Kinetic modelling of acyl glucuronide and glucoside reactivity and development of structure-property relationships

• Published in: Organic & biomolecular chemistry Vol. 18; no. 7; pp. 1389 - 141
• Main Authors: Bradshaw, Peter R, Richards, Selena E, Wilson, Ian D, Stachulski, Andrew V, Lindon, John C, Athersuch, Toby J
• Format: Journal Article
• Language: English
• Published: England Royal Society of Chemistry 19.02.2020
• Subjects: Adducts; Biocompatibility; Carboxylic acids; Conjugates; Degradation; Density functional theory; Downstream effects; Glucosides; Hydrogen bonding; Hydrolysis; Hydroxyl groups; Metabolites; Phenylacetic acid; Protein adducts; Proteins; Reactivity; Toxicity; Xenobiotics
• ISSN: 1477-0520; 1477-0539
• DOI: 10.1039/c9ob02008j

Acyl glucuronide metabolites have been implicated in the toxicity of several carboxylic acid-containing drugs, and the rate of their degradation via intramolecular transacylation and hydrolysis has been associated with the degree of protein adduct formation.

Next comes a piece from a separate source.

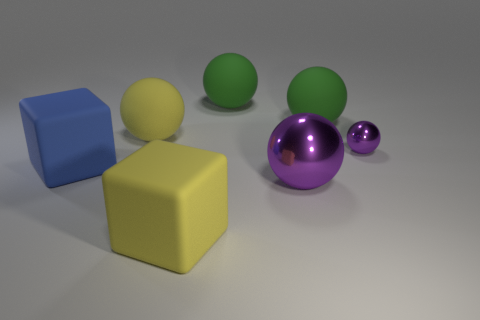Subtract all yellow matte balls. How many balls are left? 4 Add 2 blue rubber blocks. How many objects exist? 9 Subtract all purple balls. How many balls are left? 3 Subtract all spheres. How many objects are left? 2 Subtract 4 balls. How many balls are left? 1 Subtract all purple metal balls. Subtract all small gray cylinders. How many objects are left? 5 Add 3 large spheres. How many large spheres are left? 7 Add 2 large yellow cubes. How many large yellow cubes exist? 3 Subtract 0 gray cylinders. How many objects are left? 7 Subtract all gray spheres. Subtract all blue blocks. How many spheres are left? 5

Although not yet proven, the formation of protein adducts in vivo - and subsequent downstream effects - has been proposed as a mechanism of toxicity for carboxylic acid-containing xenobiotics capable of forming acyl glucuronides. A structurally-related series of metabolites, the acyl glucosides, have also been shown to undergo similar degradation reactions and consequently the potential to display a similar mode of toxicity. Here we report detailed kinetic models of each transacylation and hydrolysis reaction for a series of phenylacetic acid acyl glucuronides and their analogous acyl glucosides. Differences in reactivity were observed for the individual transacylation steps between the compound series; our findings suggest that the charged carboxylate ion and neutral hydroxyl group in the glucuronide and glucoside conjugates, respectively, are responsible for these differences. The transacylation reaction was modelled using density functional theory and the calculated activation energy for this reaction showed a close correlation with the degradation rate of the 1-β anomer. Comparison of optimised geometries between the two series of conjugates revealed differences in hydrogen bonding which may further explain the differences in reactivity observed. Together, these models may find application in drug discovery for prediction of acyl glucuronide and glucoside metabolite behaviour. Detailed kinetic and transition structure modelling to rationalise the differences in reactivity observed between the acyl glucuronide and glucoside metabolites of a series of phenylacetic acid analogues.